SecFilterCheckUnicodeEncoding Off

# Only allow bytes from this range
SecFilterForceByteRange 1 255

# The audit engine works independently and
# can be turned On of Off on the per-server or
# on the per-directory basis. "On" will log everything,
# "DynamicOrRelevant" will log dynamic requests or violations,
# and "RelevantOnly" will only log policy violations
SecAuditEngine RelevantOnly

# The name of the audit log file
SecAuditLog /var/log/httpd/audit_log

# Should mod_security inspect POST payloads
SecFilterScanPOST On

# Action to take by default
SecFilterDefaultAction "deny,log,status:500"

# Require HTTP_USER_AGENT and HTTP_HOST in all requests
SecFilterSelective "HTTP_USER_AGENT|HTTP_HOST" "^$"

#Allow CPanel/WHM 
SecFilterSelective REMOTE_ADDR "^127.0.0.1$" nolog,allow

# Weaker XSS protection but allows common HTML tags
SecFilter "<[[:space:]]*script"

# Very crude filters to prevent SQL injection attacks
SecFilter "delete[[:space:]]+from"
SecFilter "insert[[:space:]]+into"

# Protecting from XSS attacks through the PHP session cookie
SecFilterSelective ARG_PHPSESSID "!^[0-9a-z]*$"
SecFilterSelective COOKIE_PHPSESSID "!^[0-9a-z]*$"
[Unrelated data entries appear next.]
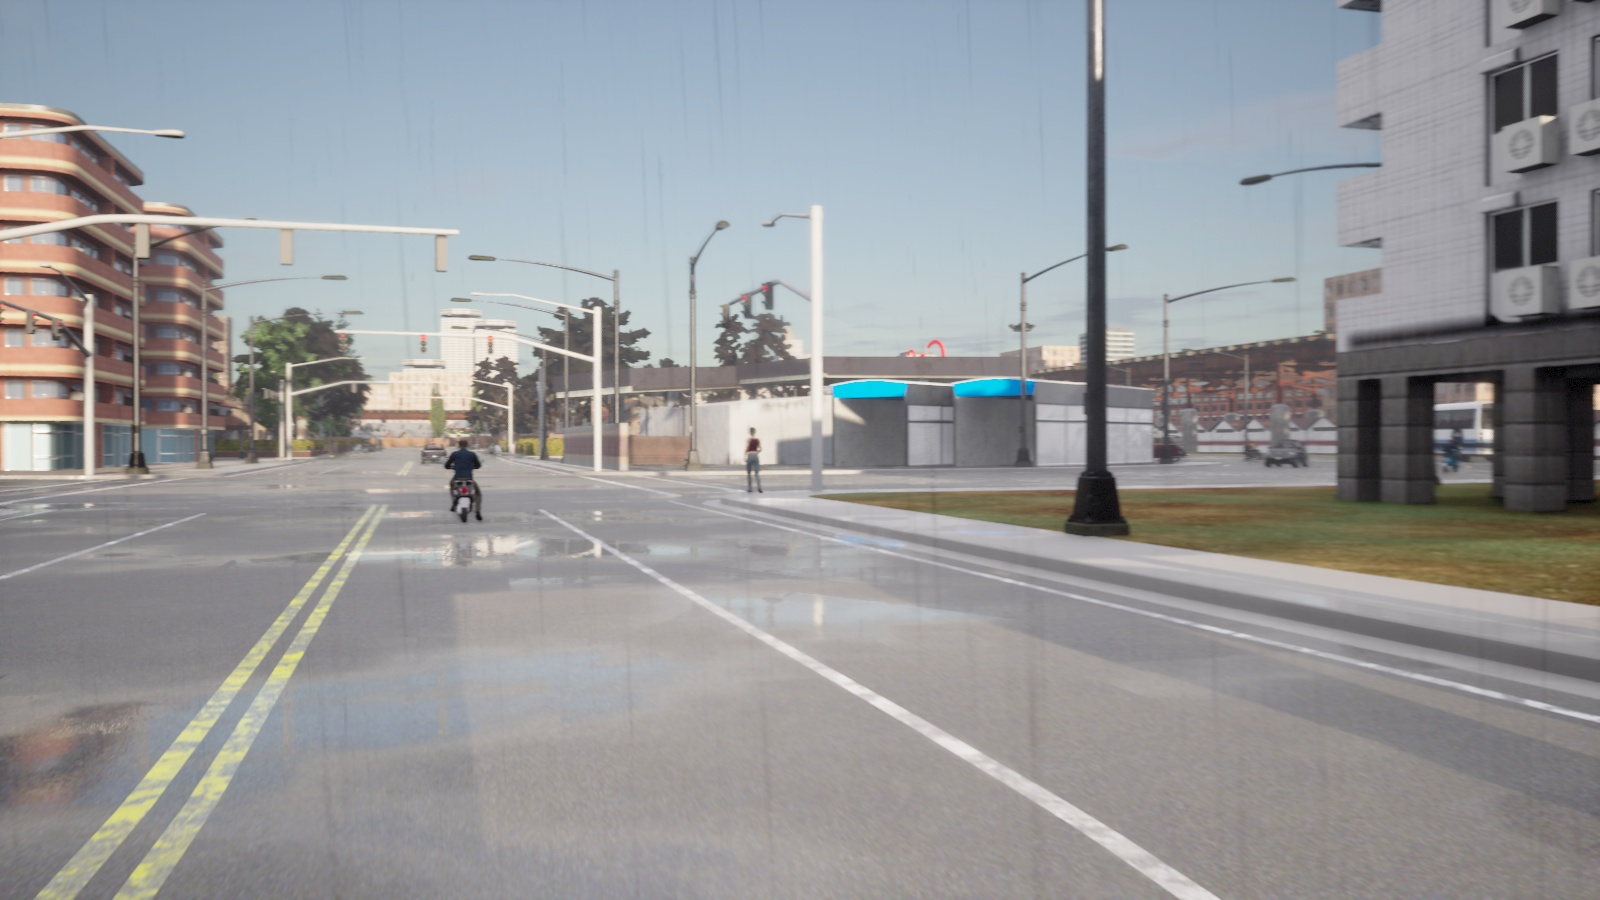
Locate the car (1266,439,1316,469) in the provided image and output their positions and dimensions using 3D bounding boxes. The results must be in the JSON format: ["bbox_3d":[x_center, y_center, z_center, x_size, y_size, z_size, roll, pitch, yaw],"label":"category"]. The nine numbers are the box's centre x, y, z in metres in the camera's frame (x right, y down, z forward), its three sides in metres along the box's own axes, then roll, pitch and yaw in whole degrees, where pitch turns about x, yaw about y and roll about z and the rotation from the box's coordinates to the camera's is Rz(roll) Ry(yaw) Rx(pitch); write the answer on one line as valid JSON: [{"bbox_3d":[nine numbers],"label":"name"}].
[{"bbox_3d":[28.073,0.212,71.673,1.851,1.617,3.988,0,0,34],"label":"car"}]

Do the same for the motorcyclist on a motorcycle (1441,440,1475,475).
[{"bbox_3d":[30.863,0.337,58.913,1.817,1.590,0.866,0,0,-44],"label":"motorcyclist on a motorcycle"}]

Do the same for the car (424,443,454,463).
[{"bbox_3d":[-27.181,0.194,94.403,2.128,1.511,4.902,0,0,-17],"label":"car"}]

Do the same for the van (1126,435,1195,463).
[{"bbox_3d":[26.134,-0.041,91.130,4.442,1.987,1.775,0,0,38],"label":"van"}]

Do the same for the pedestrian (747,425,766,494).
[{"bbox_3d":[-1.164,0.258,33.841,0.345,1.836,0.594,0,0,-19],"label":"pedestrian"}]

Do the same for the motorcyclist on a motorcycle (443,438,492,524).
[{"bbox_3d":[-6.434,0.569,24.242,0.866,1.590,1.817,0,0,-16],"label":"motorcyclist on a motorcycle"}]
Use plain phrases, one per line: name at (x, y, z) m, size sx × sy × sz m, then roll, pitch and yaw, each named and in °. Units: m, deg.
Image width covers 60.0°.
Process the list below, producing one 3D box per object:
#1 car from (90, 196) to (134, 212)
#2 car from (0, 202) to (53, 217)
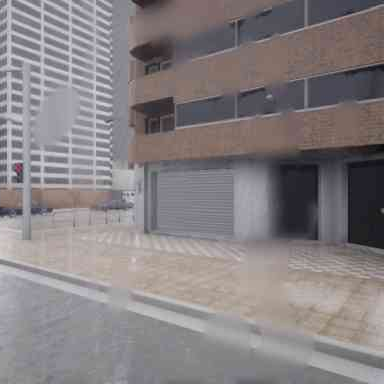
car at (-9.423, 1.547, 39.464) m, size 2.033 × 1.411 × 5.357 m, roll 0°, pitch 0°, yaw 36°
car at (-15.582, 1.601, 31.009) m, size 1.895 × 1.301 × 4.718 m, roll 0°, pitch 0°, yaw 36°
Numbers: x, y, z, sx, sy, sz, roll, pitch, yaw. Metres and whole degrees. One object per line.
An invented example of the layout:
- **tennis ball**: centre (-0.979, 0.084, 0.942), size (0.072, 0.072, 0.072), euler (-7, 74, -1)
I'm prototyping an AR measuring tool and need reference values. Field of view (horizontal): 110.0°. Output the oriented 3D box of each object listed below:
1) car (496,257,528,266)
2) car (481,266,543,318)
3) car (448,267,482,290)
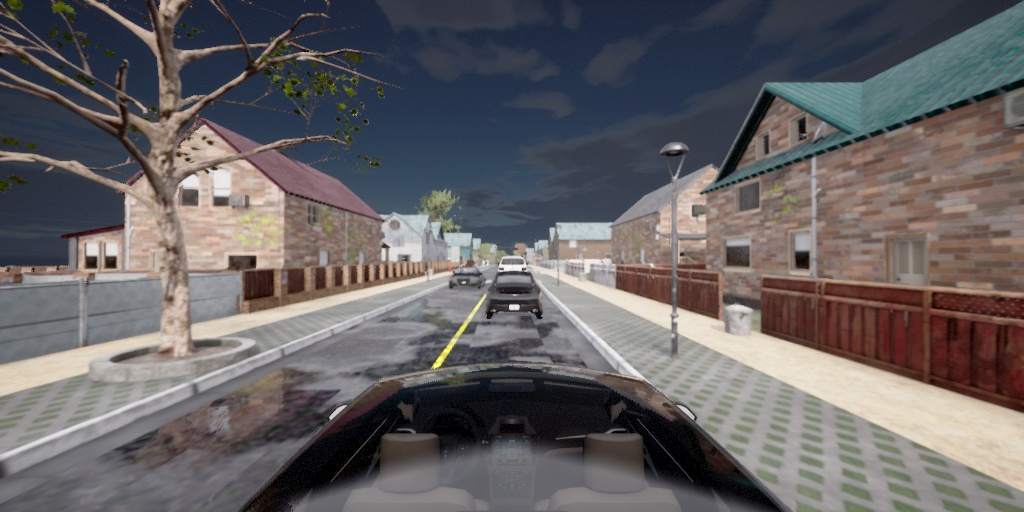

# Import our snort converted modsec rules
Include /etc/mod_security_snort.conf
</IfModule>

----------------------------TBC-------------------------

 

[stealthhosts]

Create: /etc/mod_security_snort.conf

# WEB-ATTACKS ps command attempt
SecFilterSelective THE_REQUEST "/bin/ps" 
# WEB-ATTACKS /bin/ps command attempt
SecFilterSelective THE_REQUEST "ps\x20"

# WEB-ATTACKS wget command attempt
SecFilter "wget\x20"

# WEB-ATTACKS uname -a command attempt
SecFilter "uname\x20-a"

# WEB-ATTACKS /usr/bin/id command attempt
SecFilterSelective THE_REQUEST "/usr/bin/id"

# WEB-ATTACKS id command attempt
SecFilter "\;id"

# WEB-ATTACKS kill command attempt
SecFilterSelective THE_REQUEST "/bin/kill"

# WEB-ATTACKS chsh command attempt
SecFilterSelective THE_REQUEST "/usr/bin/chsh"

# WEB-ATTACKS tftp command attempt
SecFilter "tftp\x20"

# WEB-ATTACKS /usr/bin/gcc command attempt
SecFilterSelective THE_REQUEST "/usr/bin/gcc"

# WEB-ATTACKS gcc command attempt
SecFilter "gcc\x20-o"

# WEB-ATTACKS /usr/bin/cc command attempt
SecFilterSelective THE_REQUEST "/usr/bin/cc"

# WEB-ATTACKS cc command attempt
SecFilter "cc\x20"

# WEB-ATTACKS /usr/bin/cpp command attempt
SecFilterSelective THE_REQUEST "/usr/bin/cpp"

# WEB-ATTACKS cpp command attempt
SecFilter "cpp\x20"

# WEB-ATTACKS /usr/bin/g++ command attempt
SecFilterSelective THE_REQUEST "/usr/bin/g\+\+"

# WEB-ATTACKS g++ command attempt
SecFilter "g\+\+\x20"

# WEB-ATTACKS bin/python access attempt
SecFilterSelective THE_REQUEST "bin/python"

# WEB-ATTACKS python access attempt
SecFilter "python\x20"

# WEB-ATTACKS bin/tclsh execution attempt
SecFilter "bin/tclsh"

# WEB-ATTACKS tclsh execution attempt
SecFilter "tclsh8\x20"

# WEB-ATTACKS bin/nasm command attempt
SecFilterSelective THE_REQUEST "bin/nasm"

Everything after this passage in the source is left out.